2. No premature release. HuggingFace upload happens AFTER mode collapse is fixed and the model generates coherent N'Ko text. Not before.
3. Architecture matches disk. Every file listed below exists. Every number is current. If reality changes, this doc gets updated.
System Overview
> Serving / on-device decision: research runs on the GPU/standard Whisper feature
> path (1500-frame, reproducible, where clean numbers are earned); on-device serving is the
> Apple Neural Engine + TurboQuant stack (Phase 2). One hard rule — a head must be served
> with the same feature extractor it was trained on (the GPU↔ANE 1500-vs-375-frame skew is
> what produced all-blank output on the anchor).
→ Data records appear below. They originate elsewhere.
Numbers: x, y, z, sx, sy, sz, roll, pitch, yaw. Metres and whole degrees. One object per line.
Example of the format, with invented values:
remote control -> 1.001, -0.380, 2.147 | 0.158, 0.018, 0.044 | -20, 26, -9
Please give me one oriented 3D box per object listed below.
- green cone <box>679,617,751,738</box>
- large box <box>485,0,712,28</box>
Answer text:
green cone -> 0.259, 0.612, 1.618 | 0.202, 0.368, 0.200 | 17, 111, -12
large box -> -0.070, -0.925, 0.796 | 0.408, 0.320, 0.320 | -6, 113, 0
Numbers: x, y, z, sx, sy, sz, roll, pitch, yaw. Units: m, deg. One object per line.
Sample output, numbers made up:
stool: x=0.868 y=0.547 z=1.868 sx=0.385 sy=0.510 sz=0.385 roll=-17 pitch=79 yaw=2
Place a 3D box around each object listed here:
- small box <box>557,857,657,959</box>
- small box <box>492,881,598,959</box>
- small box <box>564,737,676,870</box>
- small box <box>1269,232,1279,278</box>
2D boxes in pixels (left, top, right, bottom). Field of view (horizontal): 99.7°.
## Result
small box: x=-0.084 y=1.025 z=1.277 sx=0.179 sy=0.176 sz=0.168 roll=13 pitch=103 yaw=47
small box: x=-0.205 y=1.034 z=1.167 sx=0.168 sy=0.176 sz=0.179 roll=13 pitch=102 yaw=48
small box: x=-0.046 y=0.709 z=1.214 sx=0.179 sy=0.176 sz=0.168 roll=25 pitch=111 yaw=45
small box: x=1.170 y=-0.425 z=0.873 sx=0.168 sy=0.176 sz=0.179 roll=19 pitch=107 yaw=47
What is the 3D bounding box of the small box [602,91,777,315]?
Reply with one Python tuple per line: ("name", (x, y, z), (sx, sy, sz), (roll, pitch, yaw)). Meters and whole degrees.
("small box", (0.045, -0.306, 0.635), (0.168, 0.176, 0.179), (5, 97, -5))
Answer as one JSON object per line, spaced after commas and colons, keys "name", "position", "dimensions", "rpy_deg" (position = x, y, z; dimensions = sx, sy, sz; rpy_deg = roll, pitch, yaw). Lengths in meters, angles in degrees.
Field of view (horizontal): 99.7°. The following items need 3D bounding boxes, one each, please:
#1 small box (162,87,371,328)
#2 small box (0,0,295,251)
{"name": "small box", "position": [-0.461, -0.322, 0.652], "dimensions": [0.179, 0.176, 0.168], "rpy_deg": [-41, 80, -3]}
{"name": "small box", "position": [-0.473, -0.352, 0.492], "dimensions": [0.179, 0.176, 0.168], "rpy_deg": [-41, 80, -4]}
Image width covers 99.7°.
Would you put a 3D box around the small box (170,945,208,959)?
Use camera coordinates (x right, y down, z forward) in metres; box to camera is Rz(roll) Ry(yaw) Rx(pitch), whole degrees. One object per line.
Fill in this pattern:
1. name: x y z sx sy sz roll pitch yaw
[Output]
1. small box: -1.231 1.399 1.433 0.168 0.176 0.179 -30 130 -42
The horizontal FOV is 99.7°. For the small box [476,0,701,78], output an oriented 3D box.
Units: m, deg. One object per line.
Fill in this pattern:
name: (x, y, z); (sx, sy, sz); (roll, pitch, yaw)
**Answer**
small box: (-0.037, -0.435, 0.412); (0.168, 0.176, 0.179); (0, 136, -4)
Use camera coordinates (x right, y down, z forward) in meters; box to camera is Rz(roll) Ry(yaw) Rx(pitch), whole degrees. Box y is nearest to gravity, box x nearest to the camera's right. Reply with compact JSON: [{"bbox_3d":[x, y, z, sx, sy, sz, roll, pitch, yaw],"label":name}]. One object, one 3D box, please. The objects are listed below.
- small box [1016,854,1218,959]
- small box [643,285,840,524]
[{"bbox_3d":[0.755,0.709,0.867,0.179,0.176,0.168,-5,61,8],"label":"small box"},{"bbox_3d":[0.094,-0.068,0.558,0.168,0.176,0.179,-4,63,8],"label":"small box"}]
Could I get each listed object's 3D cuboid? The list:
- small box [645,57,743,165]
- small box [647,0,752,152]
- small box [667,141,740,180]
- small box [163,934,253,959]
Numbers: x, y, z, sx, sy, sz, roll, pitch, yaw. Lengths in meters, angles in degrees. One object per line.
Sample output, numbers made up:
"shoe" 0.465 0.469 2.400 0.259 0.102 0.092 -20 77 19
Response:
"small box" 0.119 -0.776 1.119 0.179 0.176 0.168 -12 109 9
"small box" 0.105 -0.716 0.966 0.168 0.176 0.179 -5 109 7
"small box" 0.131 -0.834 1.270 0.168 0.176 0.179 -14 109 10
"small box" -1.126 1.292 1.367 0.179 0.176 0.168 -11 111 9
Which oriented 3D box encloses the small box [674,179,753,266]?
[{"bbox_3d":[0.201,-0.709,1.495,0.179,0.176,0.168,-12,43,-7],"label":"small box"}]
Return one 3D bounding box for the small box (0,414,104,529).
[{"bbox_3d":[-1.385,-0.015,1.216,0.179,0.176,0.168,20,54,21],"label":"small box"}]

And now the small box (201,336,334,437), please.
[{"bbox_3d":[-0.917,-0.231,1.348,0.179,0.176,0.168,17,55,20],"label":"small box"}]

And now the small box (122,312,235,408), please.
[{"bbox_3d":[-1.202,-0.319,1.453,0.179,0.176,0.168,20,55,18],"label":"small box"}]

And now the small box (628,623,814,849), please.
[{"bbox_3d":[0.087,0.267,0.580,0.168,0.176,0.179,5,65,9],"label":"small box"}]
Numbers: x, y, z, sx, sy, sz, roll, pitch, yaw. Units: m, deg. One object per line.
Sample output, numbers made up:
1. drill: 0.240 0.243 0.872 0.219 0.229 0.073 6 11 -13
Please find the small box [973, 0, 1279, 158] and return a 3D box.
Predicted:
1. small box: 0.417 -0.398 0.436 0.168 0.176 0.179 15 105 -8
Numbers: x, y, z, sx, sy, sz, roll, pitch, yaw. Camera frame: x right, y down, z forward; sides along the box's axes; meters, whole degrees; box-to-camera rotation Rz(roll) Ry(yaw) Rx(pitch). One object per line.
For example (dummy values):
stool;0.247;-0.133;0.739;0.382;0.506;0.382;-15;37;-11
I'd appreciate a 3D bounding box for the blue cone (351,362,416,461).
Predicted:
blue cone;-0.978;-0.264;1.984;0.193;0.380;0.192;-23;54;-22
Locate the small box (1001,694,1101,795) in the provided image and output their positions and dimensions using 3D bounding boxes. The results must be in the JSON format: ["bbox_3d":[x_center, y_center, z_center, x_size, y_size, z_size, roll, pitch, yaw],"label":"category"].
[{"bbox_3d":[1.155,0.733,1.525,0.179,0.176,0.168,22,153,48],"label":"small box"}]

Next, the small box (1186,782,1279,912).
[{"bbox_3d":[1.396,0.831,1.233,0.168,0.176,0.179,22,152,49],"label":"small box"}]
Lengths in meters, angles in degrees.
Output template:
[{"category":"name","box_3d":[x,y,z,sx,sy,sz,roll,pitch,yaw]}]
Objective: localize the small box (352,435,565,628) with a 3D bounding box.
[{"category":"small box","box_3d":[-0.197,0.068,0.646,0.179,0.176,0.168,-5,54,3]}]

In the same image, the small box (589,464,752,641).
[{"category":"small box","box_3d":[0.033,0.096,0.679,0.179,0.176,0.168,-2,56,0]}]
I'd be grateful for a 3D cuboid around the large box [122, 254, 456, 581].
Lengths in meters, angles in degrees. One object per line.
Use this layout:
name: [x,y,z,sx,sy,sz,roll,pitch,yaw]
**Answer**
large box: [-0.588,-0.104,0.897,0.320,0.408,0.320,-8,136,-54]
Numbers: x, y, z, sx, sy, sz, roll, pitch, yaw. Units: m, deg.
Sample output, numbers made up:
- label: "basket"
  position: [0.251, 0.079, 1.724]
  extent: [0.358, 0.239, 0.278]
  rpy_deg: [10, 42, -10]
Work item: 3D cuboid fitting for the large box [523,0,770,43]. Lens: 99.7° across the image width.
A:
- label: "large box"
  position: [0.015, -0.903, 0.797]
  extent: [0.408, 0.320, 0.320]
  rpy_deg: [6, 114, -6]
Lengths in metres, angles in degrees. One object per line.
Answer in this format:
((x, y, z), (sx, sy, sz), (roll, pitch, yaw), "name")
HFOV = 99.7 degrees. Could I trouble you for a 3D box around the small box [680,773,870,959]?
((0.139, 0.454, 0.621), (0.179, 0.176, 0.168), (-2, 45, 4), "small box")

See
> [`docs/adr/ADR-001-on-device-serving-and-quantization.md`](docs/adr/ADR-001-on-device-serving-and-quantization.md).
┌─────────────────────────────────────────────────────────────────────┐
│ NKO UNIFIED PLATFORM │
│ │
│ ┌──────────────┐ ┌──────────────┐ ┌──────────────┐ │
│ │ RESEARCH │ │ INFERENCE │ │ TRAINING │ │
│ │ │ │ │ │ │ │
│ │ Brain Scan │ │ Constrained │ │ Data Pipeline│ │
│ │ Activation │ │ Generation │ │ LoRA Trainer │ │
│ │ Profiling │ │ FSM Decode │ │ Eval Suite │ │
│ └──────┬───────┘ └──────┬───────┘ └──────┬───────┘ │
│ │ │ │ │
│ ┌──────▼─────────────────▼─────────────────▼───────┐ │
│ │ CORE LINGUISTIC LAYER │ │
│ │ (imported from Desktop/NKo/) │ │
│ │ │ │
│ │ phonetics.py transliterate.py morphology.py │ │
│ │ ┌──────────┐ ┌──────────────┐ ┌────────────┐ │ │
│ │ │ 7 vowels │ │ N'Ko↔Latin │ │ 28 morpheme│ │ │
│ │ │ 26 cons │ │ N'Ko↔Arabic │ │ types │ │ │
│ │ │ 5 tones │ │ via IPA │ │ conjugator │ │ │
│ │ │ syllabify│ │ intermediary │ │ compounds │ │ │
│ │ └──────────┘ └──────────────┘ └────────────┘ │ │
│ └──────────────────────┬───────────────────────────┘ │
│ │ │
│ ┌──────────────────────▼───────────────────────────┐ │
│ │ TOKENIZER LAYER │ │
│ │ │ │
│ │ Standard BPE (512 merges, 614 vocab) │ │
│ │ Morpheme-Aware BPE (158 merges, 206 vocab) │ │
│ │ HF Extension (151,936 → 152,192 vocab) │ │
│ │ N'Ko Syllable Codebook (3,024 entries) │ │
│ └──────────────────────┬───────────────────────────┘ │
│ │ │
│ ┌──────────────────────▼───────────────────────────┐ │
│ │ MODEL LAYER │ │
│ │ │ │
│ │ Qwen3-8B-8bit (base) │ │
│ │ + V1 Adapter (CPT+SFT+BPE, val loss 4.29) │ │
│ │ + V2 Adapter (33,912 ex, val loss 3.506) │ │
│ │ + V3 Adapter (92,184 ex, PENDING TRAINING) │ │
│ │ Fused V2: on Mac5 (MODE COLLAPSE — DO NOT USE) │ │
│ └──────────────────────────────────────────────────┘ │
│ │
│ ┌──────────────────────────────────────────────────┐ │
│ │ ASR LAYER (retrieval-centric) │ │
│ │ │ │
│ │ ┌─────────┐ ┌──────────┐ ┌─────────────────┐ │ │
│ │ │ Audio │ │ Visual │ │ N'Ko Text │ │ │
│ │ │Encoder │ │ Encoder │ │ Encoder │ │ │
│ │ │(Whisper)│ │ (SigLIP) │ │(BPE + FSM) │ │ │
│ │ └────┬────┘ └────┬─────┘ └────┬────────────┘ │ │
│ │ └─────────┬──┘─────────────┘ │ │
│ │ Joint Embedding Space (d=512) │ │
│ │ │ │ │
│ │ N'Ko Syllable Codebook Retrieval │ │
│ │ + FSM-Constrained Assembly │ │
│ └──────────────────────────────────────────────────┘ │
└─────────────────────────────────────────────────────────────────────┘Directory Structure (matches disk)
nko-brain-scanner/
├── ARCHITECTURE.md # This file
├── README.md # Project overview + reproduction steps
├── model_card.md # HuggingFace model card (DO NOT UPLOAD UNTIL V3 WORKS)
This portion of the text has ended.